David and Kelly Keim of Berne, Ind., brought their 2-year-old twins, Caroline and Spencer, to Washington to plead with lawmakers to vote down the bill.
"This is about the plight of frozen embryos. The same plight our children were once in," said David Keim, bouncing a pigtailed Caroline on his hip. The couple, who had struggled with infertility treatments for seven years, adopted 13 frozen embryos -- including the two that grew into Caroline and Spencer -- from the same donor couple and hope someday to have more children.
Embryo adoption would not be affected by the Castle legislation.

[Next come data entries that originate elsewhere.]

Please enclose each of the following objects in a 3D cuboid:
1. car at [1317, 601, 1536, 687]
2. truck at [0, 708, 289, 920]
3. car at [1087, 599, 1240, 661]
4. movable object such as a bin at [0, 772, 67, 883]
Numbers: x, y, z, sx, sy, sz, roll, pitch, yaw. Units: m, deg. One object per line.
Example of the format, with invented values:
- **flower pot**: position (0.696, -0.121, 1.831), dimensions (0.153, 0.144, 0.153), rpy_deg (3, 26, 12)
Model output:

But if the bill becomes law, donors who opt to dispose of their surplus embryos would have the option of donating them to science, rather than see them disposed of as medical waste.

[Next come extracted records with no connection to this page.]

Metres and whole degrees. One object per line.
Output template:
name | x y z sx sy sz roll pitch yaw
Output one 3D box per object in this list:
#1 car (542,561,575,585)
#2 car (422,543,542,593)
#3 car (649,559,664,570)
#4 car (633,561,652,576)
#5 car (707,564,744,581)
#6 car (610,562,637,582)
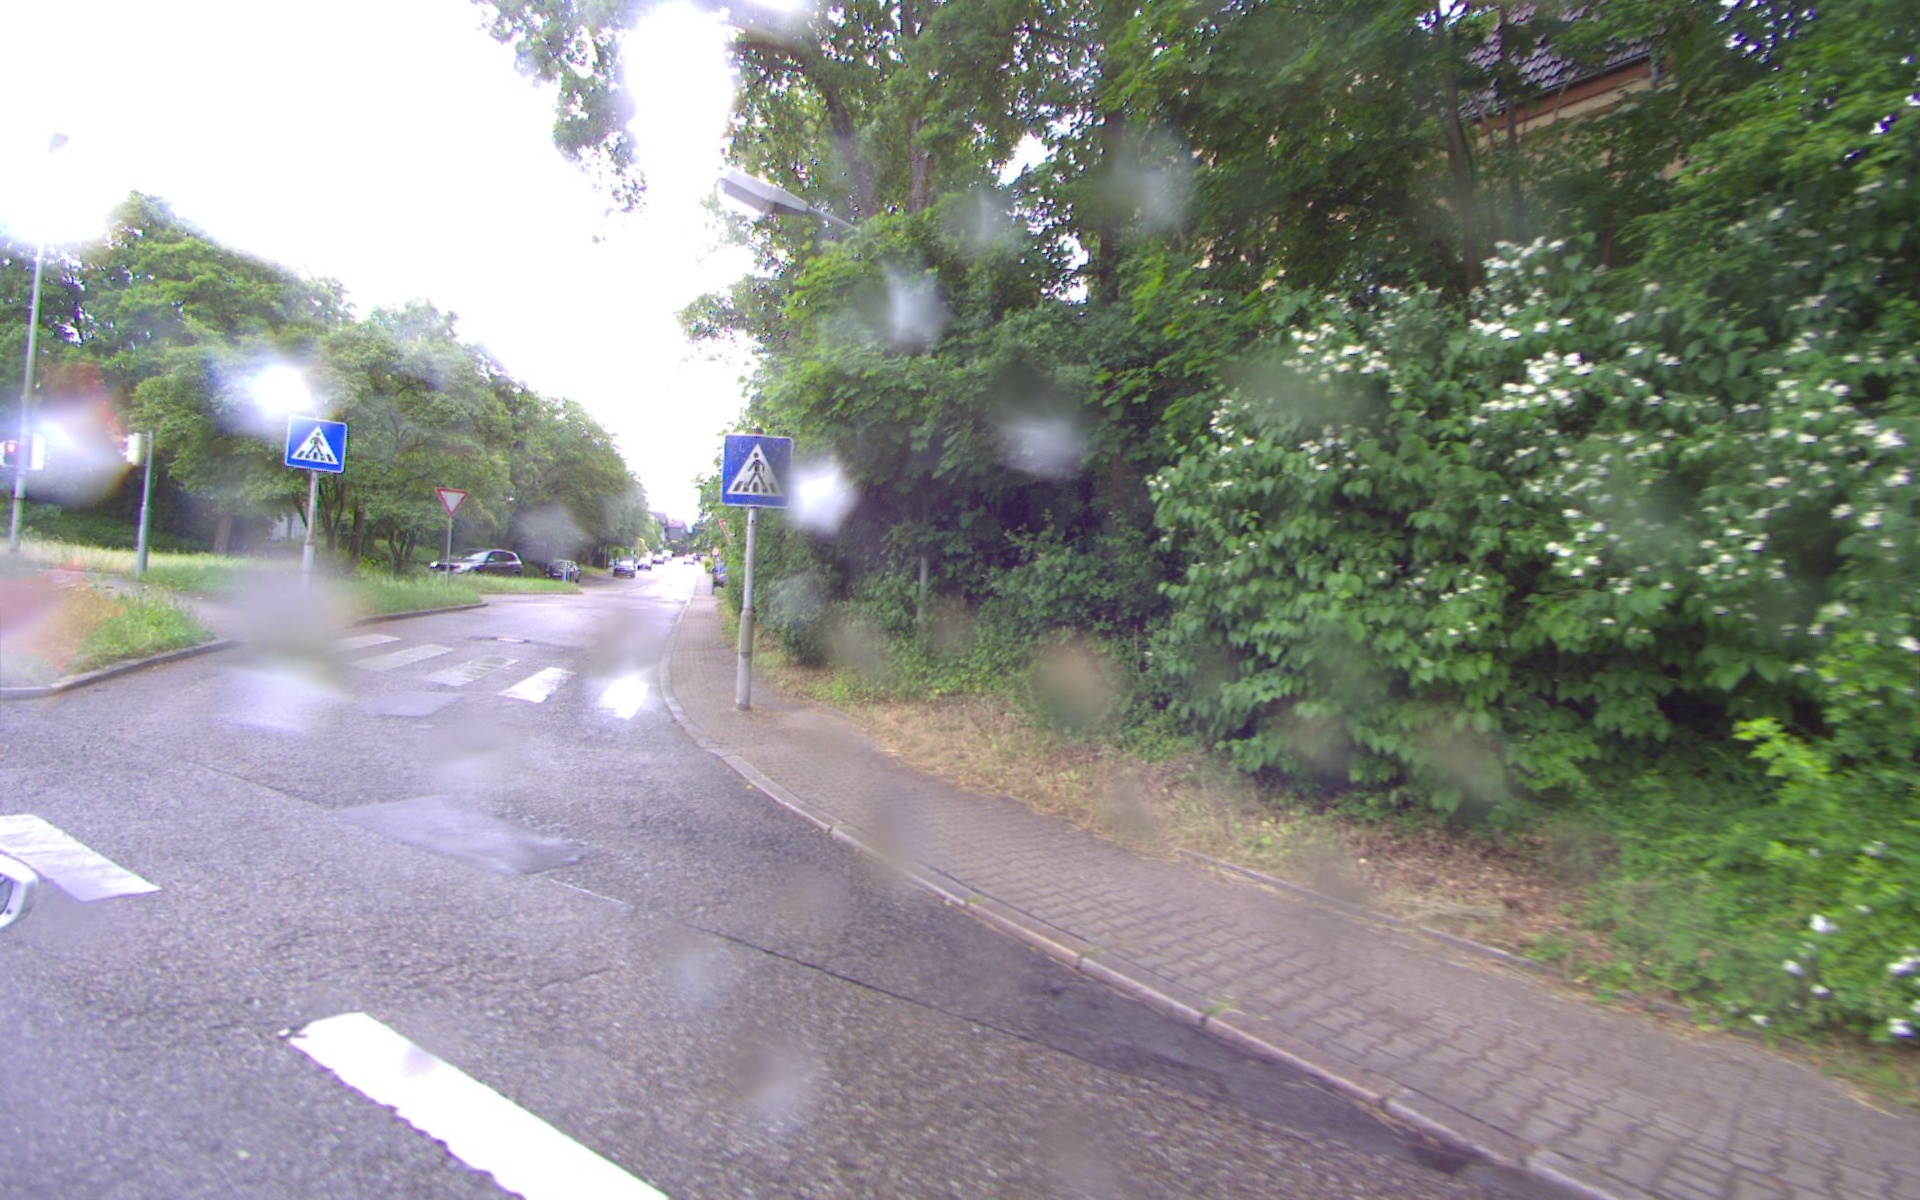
car | -27.317 -1.853 68.525 1.651 1.387 3.478 6 0 -17
car | -21.565 -1.393 45.586 1.963 1.738 4.715 6 0 22
car | -48.383 -5.702 160.291 1.877 1.413 4.151 7 -2 -20
car | -39.247 -3.886 124.430 1.968 1.463 4.278 7 -2 -19
car | -27.293 -3.202 116.896 3.940 1.594 1.767 5 1 -18
car | -31.584 -2.650 94.520 1.874 1.467 4.286 7 -2 -13

Opponents of embryonic stem cell research would prefer researchers focus on adult stem cells -- undifferentiated cells that can be found in certain tissues throughout the body and in newborns' umbilical cords. The House Tuesday overwhelmingly supported a bill from Rep. Christopher Smith, R-N.J., that would encourage adult stem cell research and help establish a national bank for umbilical cord blood, which can be used in the treatment of sickle cell anemia, leukemia and other diseases.
"This fixation with destroying human embryos and downplaying all other research is not accurate and it is damaging," Smith said during his floor statement. "(Cord blood) works, it has incredible promise and is an ethical source of stem cells."

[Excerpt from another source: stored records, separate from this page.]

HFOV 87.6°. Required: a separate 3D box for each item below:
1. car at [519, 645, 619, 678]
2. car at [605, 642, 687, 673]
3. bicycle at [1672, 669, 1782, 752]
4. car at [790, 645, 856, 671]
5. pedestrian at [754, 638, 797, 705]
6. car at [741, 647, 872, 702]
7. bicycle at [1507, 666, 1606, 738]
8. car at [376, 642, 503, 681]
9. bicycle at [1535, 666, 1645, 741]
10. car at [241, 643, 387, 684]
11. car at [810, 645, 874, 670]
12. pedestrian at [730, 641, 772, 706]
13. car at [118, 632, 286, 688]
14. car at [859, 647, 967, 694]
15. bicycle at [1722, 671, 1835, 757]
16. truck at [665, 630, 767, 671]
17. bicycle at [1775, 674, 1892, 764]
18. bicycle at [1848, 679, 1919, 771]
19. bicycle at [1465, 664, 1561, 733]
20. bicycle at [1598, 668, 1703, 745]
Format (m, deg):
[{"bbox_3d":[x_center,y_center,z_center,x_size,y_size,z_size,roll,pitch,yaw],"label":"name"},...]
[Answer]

But many of Smith's allies on the cord blood bill also supported embryonic stem cell research.
"This is not an easy vote for many of us," said Rep. Joe Barton, R-Texas, who co-sponsored the cord blood bill and also supported the Castle-DeGette stem cell research bill, saying he felt he had an obligation to future generations.
Also speaking in defense of expanded stem cell research were members of the House who had a personal stake in the potential medical advances. Rep. Lane Evans, D-Ill., has Parkinson's disease. Rep. James Langevin, D-R.I., was shot in the neck and paralyzed when he was 16 years old. Both said they hoped stem cell research could someday offer them a cure.
The embryonic stem cell bill is expected to pass the Senate, but Bush again Tuesday signaled a veto lies ahead.
"(The Castle) bill would take us across a critical ethical line by creating new incentives for the ongoing destruction of emerging human life. Crossing this line would be a great mistake," Bush said during a Rose Garden meeting with the "snowflake babies" and their parents.
Bush banned new embryonic stem cell experiments soon after he took office, although he allowed researchers to continue studying the embryonic stem cell lines already in existence. Researchers complain that these older lines have become contaminated and almost useless over the years and that adult stem cells are difficult to harvest and develop into potential cures.